Last night we rented Meet the Robinsons, and it is one of the best movies I've seen in a while. The first half is hysterically funny - completely random comments, occurances and characters keep popping up. Obviuosly the second half has more to do with resolving the plot and imparting the message, and it is a kids movie so the ending isn't a surprise, but it is still enjoyable and totally worth it for the off hand dialogue thrown in. The writiers might have been on drugs, but this is one case where randomness works - it is quirky and funny and it all meshes well rather than just being weird for the sake of being wierd. I think this may be a movie that parents like more than the kids, who may not fully appreciate the wonderfuly bizarre.

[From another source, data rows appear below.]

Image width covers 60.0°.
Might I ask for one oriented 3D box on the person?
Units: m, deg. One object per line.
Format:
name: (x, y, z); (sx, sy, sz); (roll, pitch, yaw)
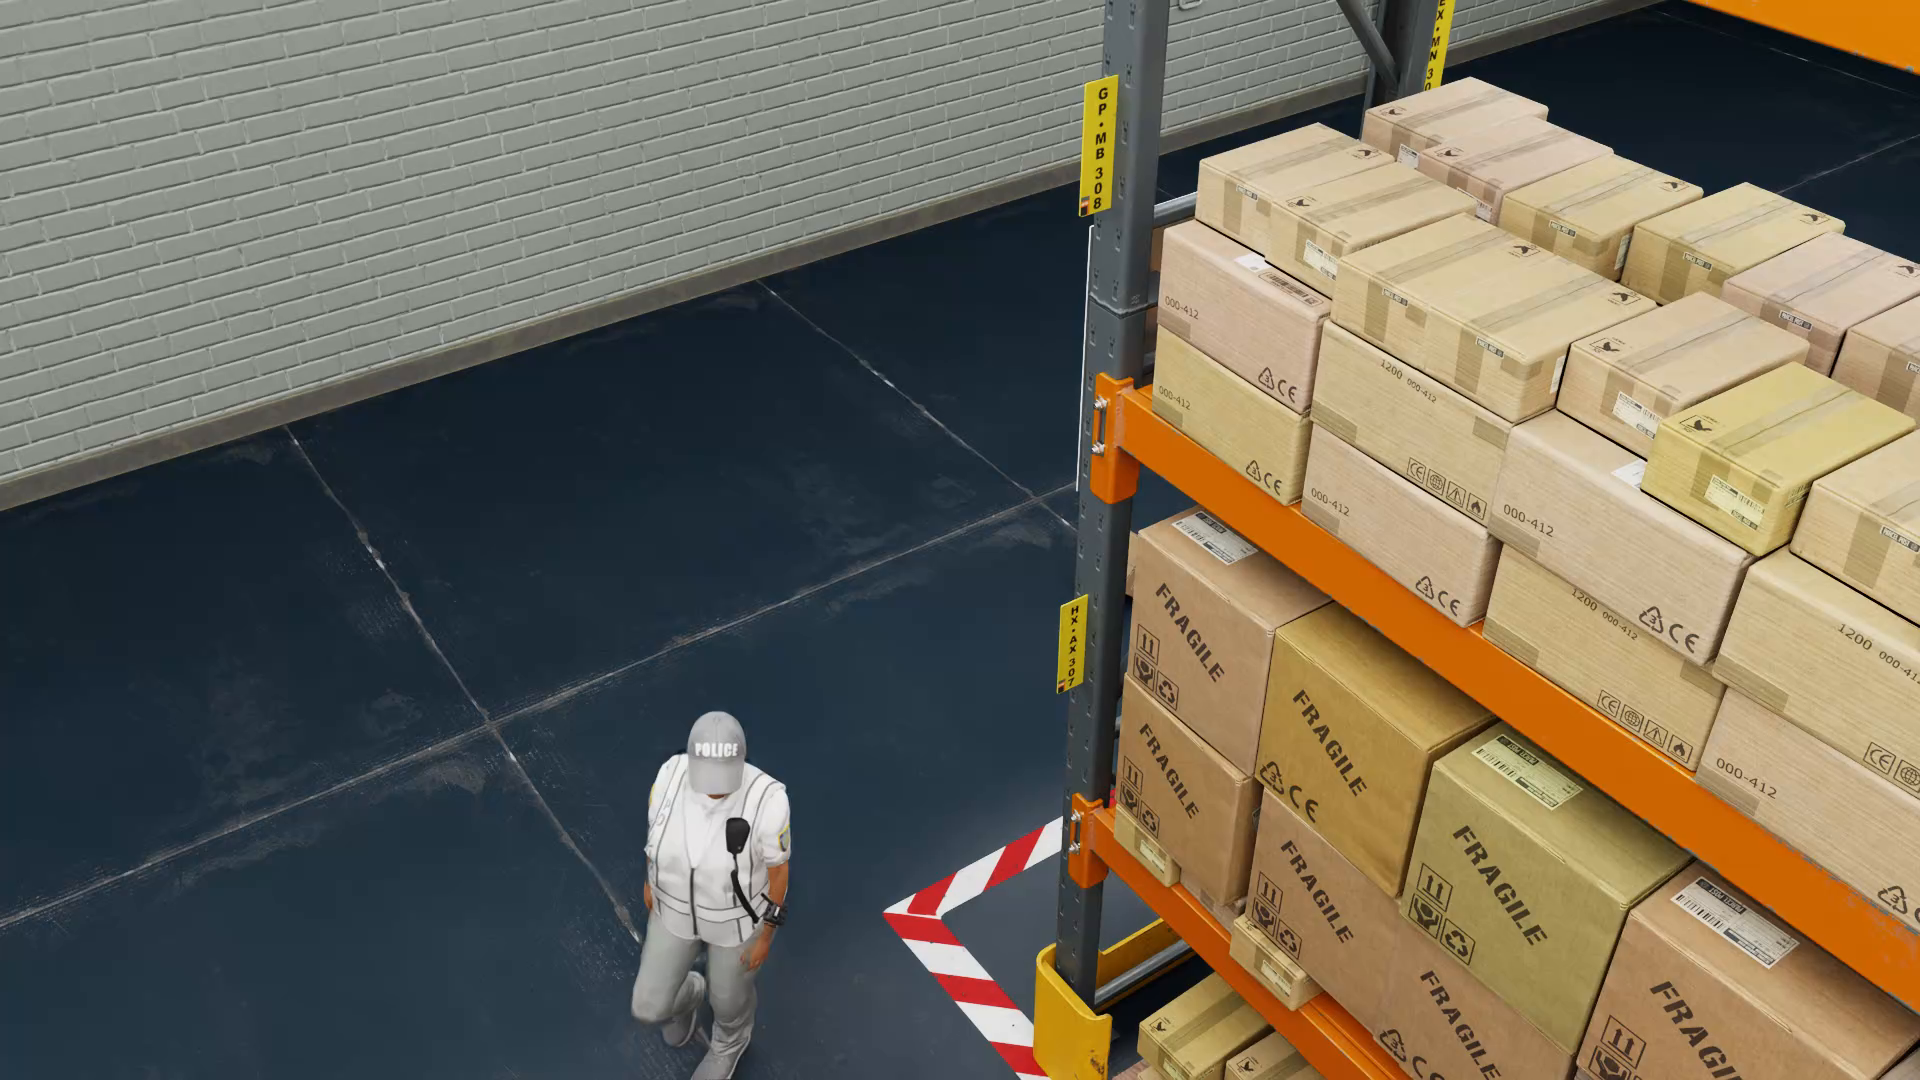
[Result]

Saturday, November 3, 2007

An Eat Free Card?

there is a new commercial for Progresso soups advertising several of their soups as being worth 0 points on the Weight Watchers system. Now, admittedly I don't know exactly how the system works, but I think you get a certain numbre of points per day that you can eat and you can 'spend' them however you want. I would assume that the points relate to calories as well as fat or sugar content. Now, what I don't understand is how anything besides ice can have 0 points. This soup has 60 calories per serving, which is great, but still a caloric intake. So how is that worth zero? I don't think people out there are going to be sitting around eating 10 cans of soup (1200 calories - a full days worth) and then thinking 'hey, I can still eat that cake and not go over my points' and ignoring the fact that they have now ingested 2500 calories that day, but still - I don't get how it can be worth nothing.

Friday, November 2, 2007

Eragon; error full

Last night Eragon was on TV and I was reminded of just how disappointing the movie was. I had really looked forward to seeing it when it came out, having loved the book as well as its sequel. Anyway, my husband and I used up one of our rare nights out to go see it in the theater, and man, was that a waste. Not that the movie itself was that bad (you can't expect much from a first time director and the writer of Jurassic park 3): it's not going to be on the top of anyone's list, but it isn't the worst of all time either (The Black Hole anyone?). The problem is that the movie barely resembles the book at all. Now I am not a purist by anymeans, I fully accept changes from source material when it is necessary for cinematic purposes. Harry Potter and the Lord of the Rings movies are perfect examples of this: nothing was changed that was absolutely necessary. When you have an epic novel obviously certains things need to be cut out or manipulated to make the movie a reasonable length and to draw in new fans. None of the changes in Eragon did this. Instead we had expanded character parts (John Malkovich overacting as Galbatorix, an character only referred to in the book), and a ridiculous ending battle that bear no resemblance to the book (flying smoke demons?). It is such a shame that this movie did such a disservice to the book, its author and the fans - it had the potential to bring to life a wonderful story and introduce new people to the world of Eragon and his dragon (explore it here). Hopefully some day someone with good intentions and actual directing (and screen writing) abilities will make the movie the book deserves.